> Your instructions
Where the string "objects" shows up in a line of the records, copy that line.

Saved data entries
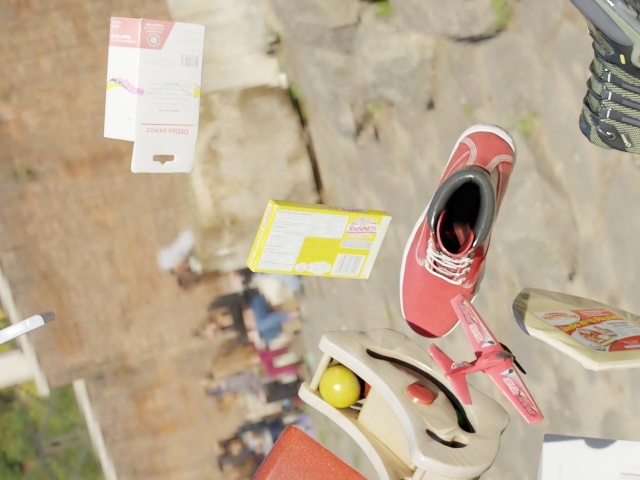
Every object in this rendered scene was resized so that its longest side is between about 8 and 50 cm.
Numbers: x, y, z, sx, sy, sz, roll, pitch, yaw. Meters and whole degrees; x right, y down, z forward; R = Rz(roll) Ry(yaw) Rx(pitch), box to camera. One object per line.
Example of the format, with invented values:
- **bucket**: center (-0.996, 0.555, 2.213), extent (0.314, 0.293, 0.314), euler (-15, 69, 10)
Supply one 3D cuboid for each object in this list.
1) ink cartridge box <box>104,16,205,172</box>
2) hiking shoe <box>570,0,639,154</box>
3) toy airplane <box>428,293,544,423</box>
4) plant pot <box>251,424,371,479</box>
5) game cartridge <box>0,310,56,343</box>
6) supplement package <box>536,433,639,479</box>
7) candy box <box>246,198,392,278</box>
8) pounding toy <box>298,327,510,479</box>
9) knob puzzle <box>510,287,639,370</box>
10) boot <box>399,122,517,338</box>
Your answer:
- **ink cartridge box**: center (-0.220, -0.190, 1.865), extent (0.067, 0.115, 0.198), euler (11, 99, 42)
- **hiking shoe**: center (0.242, -0.122, 1.115), extent (0.227, 0.114, 0.086), euler (46, -147, -23)
- **toy airplane**: center (0.155, 0.122, 1.366), extent (0.151, 0.028, 0.151), euler (37, -151, -24)
- **plant pot**: center (-0.019, 0.418, 1.569), extent (0.267, 0.236, 0.267), euler (35, 144, 14)
- **game cartridge**: center (-0.347, 0.103, 1.616), extent (0.056, 0.083, 0.017), euler (-53, -62, -82)
- **supplement package**: center (0.341, 0.375, 1.824), extent (0.244, 0.133, 0.139), euler (87, -170, -50)
- **candy box**: center (0.000, 0.000, 2.003), extent (0.027, 0.205, 0.105), euler (41, 118, 48)
- **pounding toy**: center (0.086, 0.219, 1.378), extent (0.269, 0.154, 0.155), euler (36, 120, 25)
- **knob puzzle**: center (0.295, 0.103, 1.584), extent (0.213, 0.213, 0.030), euler (-121, 41, -66)
- **boot**: center (0.124, 0.018, 1.418), extent (0.176, 0.088, 0.244), euler (-60, -13, -62)
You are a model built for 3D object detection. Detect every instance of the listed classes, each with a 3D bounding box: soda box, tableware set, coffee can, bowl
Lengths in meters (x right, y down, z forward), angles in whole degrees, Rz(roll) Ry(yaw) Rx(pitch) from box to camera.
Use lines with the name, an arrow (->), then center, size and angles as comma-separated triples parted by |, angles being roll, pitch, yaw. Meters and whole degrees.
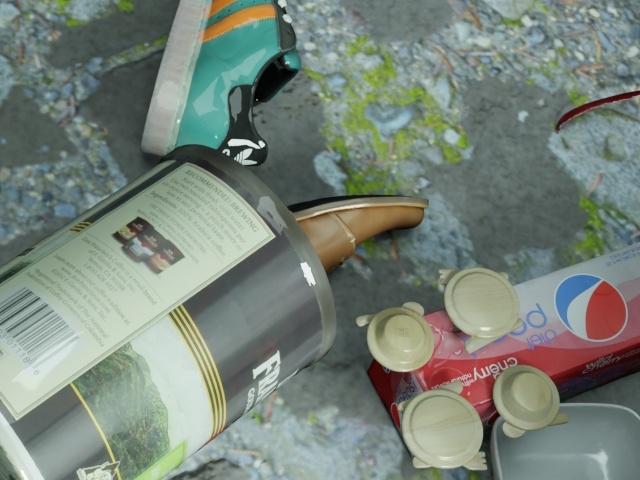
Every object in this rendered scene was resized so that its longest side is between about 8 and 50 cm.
soda box -> 0.178, 0.089, 1.262 | 0.263, 0.083, 0.092 | -17, 65, -23
tableware set -> 0.111, 0.099, 1.178 | 0.141, 0.020, 0.169 | -14, 65, -19
coffee can -> -0.154, 0.081, 1.114 | 0.275, 0.201, 0.201 | -36, 73, -29
bowl -> 0.206, 0.206, 1.215 | 0.142, 0.053, 0.142 | -1, 59, -14

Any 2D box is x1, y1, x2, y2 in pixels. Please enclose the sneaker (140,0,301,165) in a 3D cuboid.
sneaker -> -0.071, -0.194, 1.369 | 0.121, 0.108, 0.302 | 16, 64, -5

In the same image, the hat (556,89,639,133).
hat -> 0.351, -0.182, 1.510 | 0.208, 0.183, 0.173 | 25, 51, -50

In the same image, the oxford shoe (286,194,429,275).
oxford shoe -> 0.000, 0.000, 1.295 | 0.212, 0.076, 0.076 | -11, 92, -23
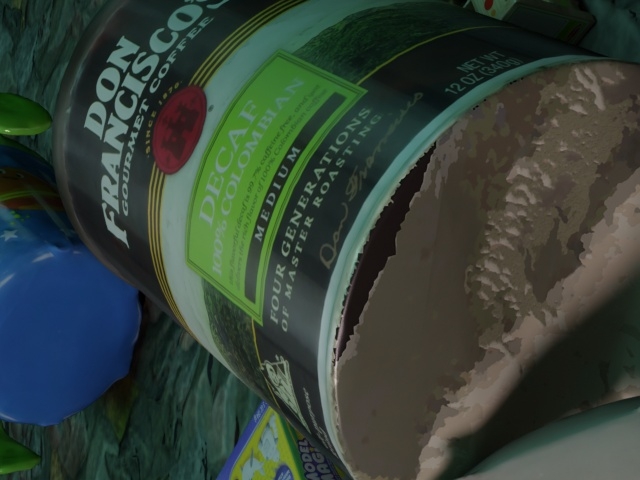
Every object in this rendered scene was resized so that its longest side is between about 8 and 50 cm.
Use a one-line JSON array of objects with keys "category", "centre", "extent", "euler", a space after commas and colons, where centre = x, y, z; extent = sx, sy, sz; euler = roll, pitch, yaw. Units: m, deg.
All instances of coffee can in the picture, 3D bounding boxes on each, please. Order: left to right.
[{"category": "coffee can", "centre": [0.021, -0.017, 0.632], "extent": [0.275, 0.202, 0.201], "euler": [33, 112, 53]}]

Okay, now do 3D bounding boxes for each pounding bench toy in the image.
[{"category": "pounding bench toy", "centre": [0.106, -0.134, 0.714], "extent": [0.083, 0.052, 0.065], "euler": [-53, 41, 42]}]

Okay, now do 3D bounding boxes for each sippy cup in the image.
[{"category": "sippy cup", "centre": [-0.276, 0.045, 1.208], "extent": [0.240, 0.305, 0.224], "euler": [-42, 40, -15]}]

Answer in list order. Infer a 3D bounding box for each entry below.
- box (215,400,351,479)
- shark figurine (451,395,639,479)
[{"category": "box", "centre": [-0.012, 0.194, 0.866], "extent": [0.105, 0.043, 0.179], "euler": [-61, 37, 34]}, {"category": "shark figurine", "centre": [0.111, 0.079, 0.482], "extent": [0.116, 0.278, 0.166], "euler": [74, -170, -45]}]
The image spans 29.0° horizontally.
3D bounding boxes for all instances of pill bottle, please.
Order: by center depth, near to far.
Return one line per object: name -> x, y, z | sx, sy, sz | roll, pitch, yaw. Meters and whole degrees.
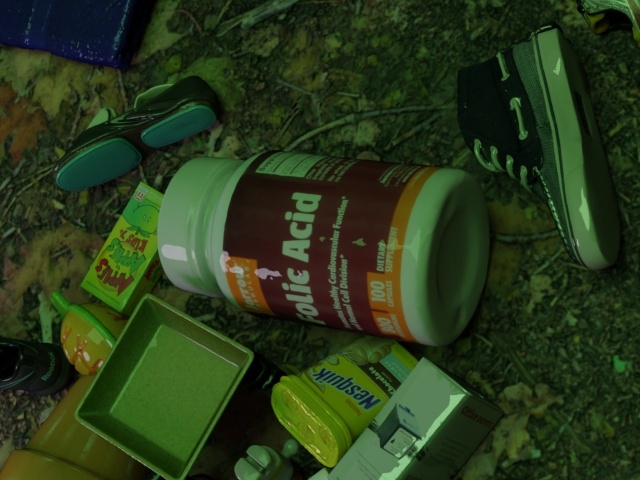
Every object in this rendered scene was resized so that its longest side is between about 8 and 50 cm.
pill bottle -> 0.000, 0.000, 1.603 | 0.392, 0.224, 0.224 | 7, 78, 28

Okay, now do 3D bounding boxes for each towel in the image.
towel -> -0.400, -0.407, 2.027 | 0.308, 0.076, 0.228 | 16, 89, 29

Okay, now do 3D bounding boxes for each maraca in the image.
maraca -> -0.331, 0.138, 1.792 | 0.099, 0.127, 0.185 | -37, 47, -26

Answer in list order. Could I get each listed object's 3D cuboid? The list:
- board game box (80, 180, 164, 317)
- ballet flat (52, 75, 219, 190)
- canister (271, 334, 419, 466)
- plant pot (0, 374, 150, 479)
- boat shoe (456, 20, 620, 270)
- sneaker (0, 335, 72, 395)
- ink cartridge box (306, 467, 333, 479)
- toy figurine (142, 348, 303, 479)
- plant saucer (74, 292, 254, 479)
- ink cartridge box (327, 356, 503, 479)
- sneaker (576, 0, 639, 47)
board game box -> -0.270, 0.014, 1.839 | 0.092, 0.043, 0.181 | 29, 88, 30
ballet flat -> -0.282, -0.168, 1.883 | 0.280, 0.095, 0.096 | -23, 55, 7
canister -> 0.042, 0.193, 1.559 | 0.170, 0.073, 0.126 | -28, 54, -33
plant pot -> -0.313, 0.295, 1.697 | 0.205, 0.205, 0.188 | 9, 63, 29
boat shoe -> 0.271, -0.102, 1.572 | 0.158, 0.127, 0.341 | -20, 58, 27
sneaker -> -0.505, 0.179, 1.870 | 0.267, 0.106, 0.101 | -4, 74, 27
ink cartridge box -> -0.061, 0.471, 1.546 | 0.353, 0.119, 0.207 | -38, 62, 11
toy figurine -> -0.124, 0.256, 1.639 | 0.209, 0.148, 0.213 | -14, 66, 16
plant saucer -> -0.192, 0.190, 1.579 | 0.188, 0.045, 0.188 | 26, 82, 28
ink cartridge box -> 0.119, 0.250, 1.514 | 0.082, 0.139, 0.191 | 38, 92, 32
sneaker -> 0.357, -0.326, 1.608 | 0.225, 0.088, 0.093 | 35, 93, 31
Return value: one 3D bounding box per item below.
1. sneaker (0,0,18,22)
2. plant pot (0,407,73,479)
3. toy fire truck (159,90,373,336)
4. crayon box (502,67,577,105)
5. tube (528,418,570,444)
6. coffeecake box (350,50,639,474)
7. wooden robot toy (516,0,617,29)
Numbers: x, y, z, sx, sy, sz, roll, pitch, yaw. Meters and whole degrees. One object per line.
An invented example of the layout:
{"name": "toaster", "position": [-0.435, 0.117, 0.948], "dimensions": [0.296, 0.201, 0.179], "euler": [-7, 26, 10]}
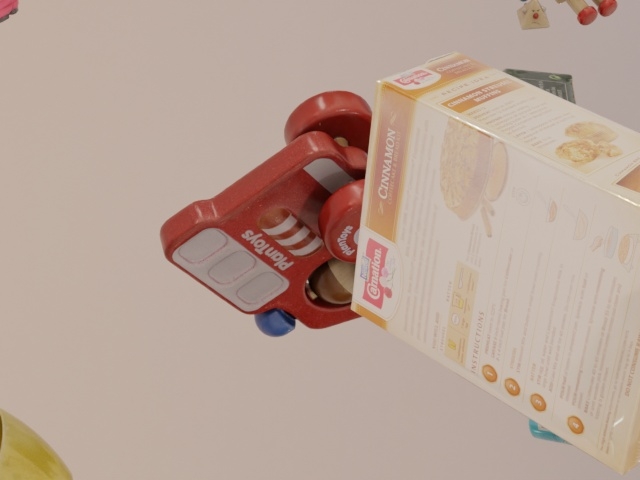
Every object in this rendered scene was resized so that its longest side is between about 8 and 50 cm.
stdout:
{"name": "sneaker", "position": [-0.377, -0.259, 1.222], "dimensions": [0.121, 0.299, 0.112], "euler": [-65, -15, -61]}
{"name": "plant pot", "position": [-0.293, 0.235, 1.454], "dimensions": [0.095, 0.134, 0.134], "euler": [26, -110, -28]}
{"name": "toy fire truck", "position": [0.000, 0.000, 1.674], "dimensions": [0.302, 0.254, 0.169], "euler": [40, -157, -49]}
{"name": "crayon box", "position": [0.214, -0.001, 1.652], "dimensions": [0.203, 0.083, 0.323], "euler": [-75, -9, -67]}
{"name": "tube", "position": [0.367, 0.241, 1.960], "dimensions": [0.052, 0.207, 0.080], "euler": [-31, -63, -44]}
{"name": "coffeecake box", "position": [0.109, 0.006, 0.776], "dimensions": [0.068, 0.185, 0.142], "euler": [-24, -48, -40]}
{"name": "wooden robot toy", "position": [0.272, -0.275, 1.549], "dimensions": [0.173, 0.076, 0.079], "euler": [-26, -36, -18]}
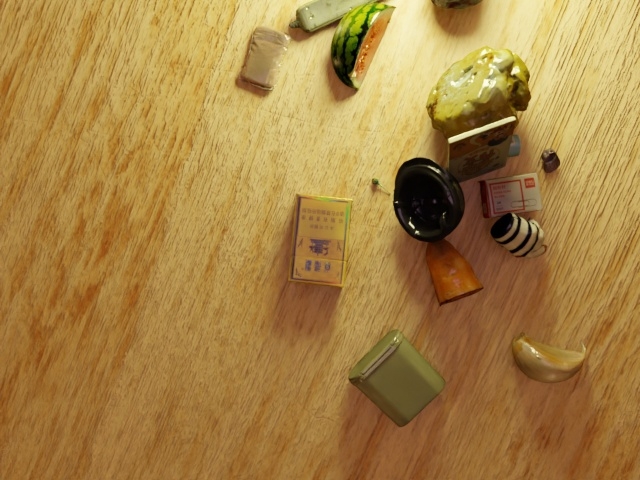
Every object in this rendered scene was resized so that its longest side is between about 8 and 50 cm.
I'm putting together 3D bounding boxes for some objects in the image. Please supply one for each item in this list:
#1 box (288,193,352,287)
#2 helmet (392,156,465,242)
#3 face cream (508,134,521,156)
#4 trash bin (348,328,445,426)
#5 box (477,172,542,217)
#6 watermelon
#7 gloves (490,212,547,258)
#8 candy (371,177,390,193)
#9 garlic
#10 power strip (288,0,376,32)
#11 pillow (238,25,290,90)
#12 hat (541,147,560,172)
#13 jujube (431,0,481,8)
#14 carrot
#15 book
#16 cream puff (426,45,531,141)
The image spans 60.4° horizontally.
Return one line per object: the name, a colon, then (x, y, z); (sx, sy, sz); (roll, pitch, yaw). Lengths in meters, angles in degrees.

> Written reply
Use a one-line JSON array of objects with keys "category", "centre", "extent", "euler", a space after commas and colons, where centre = x, y, z; extent = sx, sy, sz; euler = roll, pitch, yaw. Units: m, deg.
I'm putting together 3D bounding boxes for some objects in the image. Please supply one for each item in this list:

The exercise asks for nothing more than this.